Some unusual solutions were tried, although few ever progressed beyond range testing. The West Germans, for example, tested a tank with two 105 mm guns, in an effort to increase the firing rate, but that proved a dead end. In a different approach in the quest for ever greater tank-killing power, the British used one Centurion chassis to test a 183 mm gun in a boiler-plate turret and another for trials with a 180 mm gun in an open mount with a concentric recoil system and an automatic rotary loader. Neither progressed beyond the prototype stage.

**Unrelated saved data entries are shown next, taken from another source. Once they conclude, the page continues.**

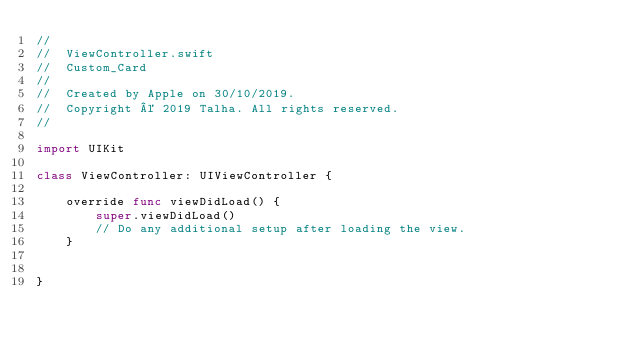<code> <loc_0><loc_0><loc_500><loc_500><_Swift_>//
//  ViewController.swift
//  Custom_Card
//
//  Created by Apple on 30/10/2019.
//  Copyright © 2019 Talha. All rights reserved.
//

import UIKit

class ViewController: UIViewController {

    override func viewDidLoad() {
        super.viewDidLoad()
        // Do any additional setup after loading the view.
    }


}

</code> 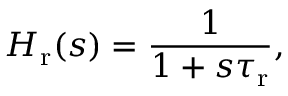<formula> <loc_0><loc_0><loc_500><loc_500>H _ { r } ( s ) = \frac { 1 } { 1 + s \tau _ { r } } ,</formula> 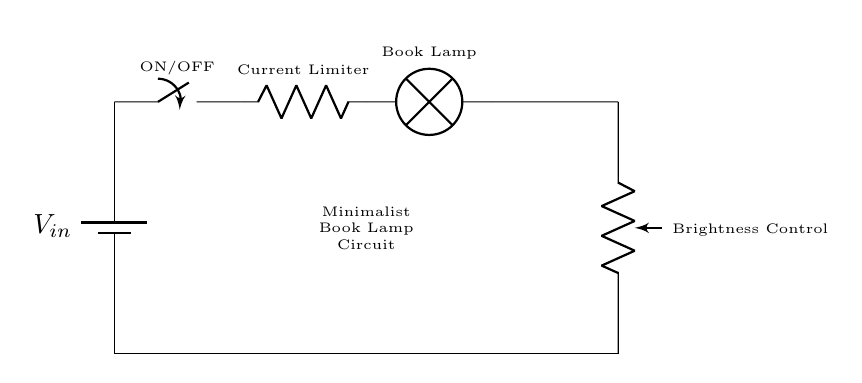What is the purpose of the lamp in the circuit? The lamp serves as the main light source for the book lamp circuit, providing illumination for late-night writing sessions.
Answer: illumination What component is used to control brightness? A potentiometer is used in this circuit to vary the resistance, allowing for adjustment of the brightness of the lamp.
Answer: potentiometer How many power sources are in the circuit? There is one battery in the circuit, which serves as the sole power source for the lamp and other components.
Answer: one What does the switch do in the circuit? The switch acts as an ON/OFF control for the entire circuit, allowing the user to easily turn the lamp on or off.
Answer: ON/OFF What type of circuit is this? This is a simple series circuit where all components are connected in a single loop, allowing for current to flow through each component sequentially.
Answer: series How does the current limiter function in this circuit? The current limiter regulates the amount of current flowing to the lamp, preventing it from exceeding safe levels and thus avoiding damage.
Answer: regulate What is the minimum voltage required for the lamp to operate? The minimum voltage is not specified in the circuit, but typically it would be determined by the specifications of the lamp used.
Answer: unspecified 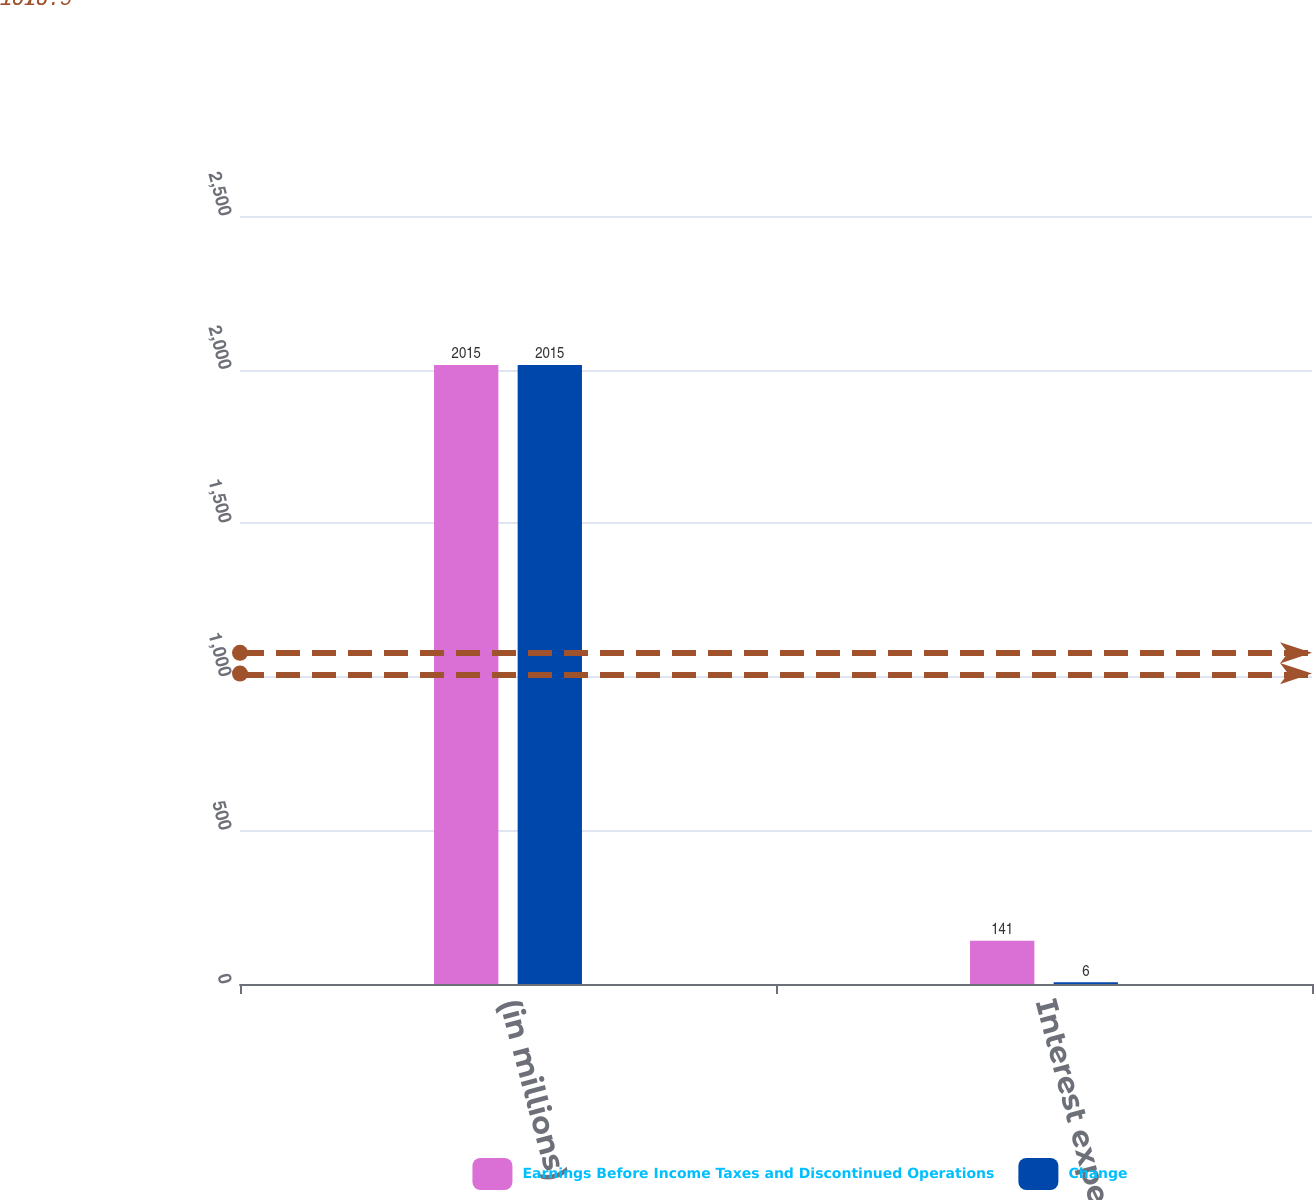Convert chart to OTSL. <chart><loc_0><loc_0><loc_500><loc_500><stacked_bar_chart><ecel><fcel>(in millions)<fcel>Interest expense net<nl><fcel>Earnings Before Income Taxes and Discontinued Operations<fcel>2015<fcel>141<nl><fcel>Change<fcel>2015<fcel>6<nl></chart>

During the period of the Cold War, tanks certainly increased in capability, with bigger guns, thicker armour, more powerful engines and ever more sophisticated command-and-control systems, but one major consequence was that the weight grew inexorably. In the British army, for example, the initial version of the Centurion, which entered service in the mid-1940s, weighed 49 tonnes, while the final version, the Mk 13, weighed 52 tonnes.
The
successor, the Chieftain (1960s) weighed 55 tonnes, and the next tank, the Challenger (1980s), a massive 62 tonnes. Even the Soviets, who believed very strongly in keeping tank weights down, suffered from similar problems: their T-34/85 (1940s) weighed 32 tonnes, while the T-54 (1950s) came in at 36 tonnes, the T-62 (1960s) at 37 tonnes and the T-72 at 43.5 tonnes.

Costs

The true cost of a tank is difficult to discover, not least because the various nations involved use differing criteria to arrive at a final figure. With these provisos in mind, a careful analysis of the unit costs of US tanks at 1972 prices arrived at the following figures:
1

M47

$207,300

M48

$203,400

M60

$185,200

MBT70

$1,058,200

M1

$570,000

Prices steadily escalated, and the hull, turret, gun and most components cost more as the Cold War progressed; the British Challenger 1, for example, cost £3 million at 1985 prices. Most components increased in cost, but by far the greatest cost escalation was in the electronic devices, such as fire-control systems, sensors, engine controls and radios.

fn1
In the 1960s, by the then British secretary of state for defence, Denis Healey.

fn2
The minimum-range requirement arose from experiences of massed attacks by Chinese infantry in the Korean War and was met by canister shot, consisting of several hundred steel slugs.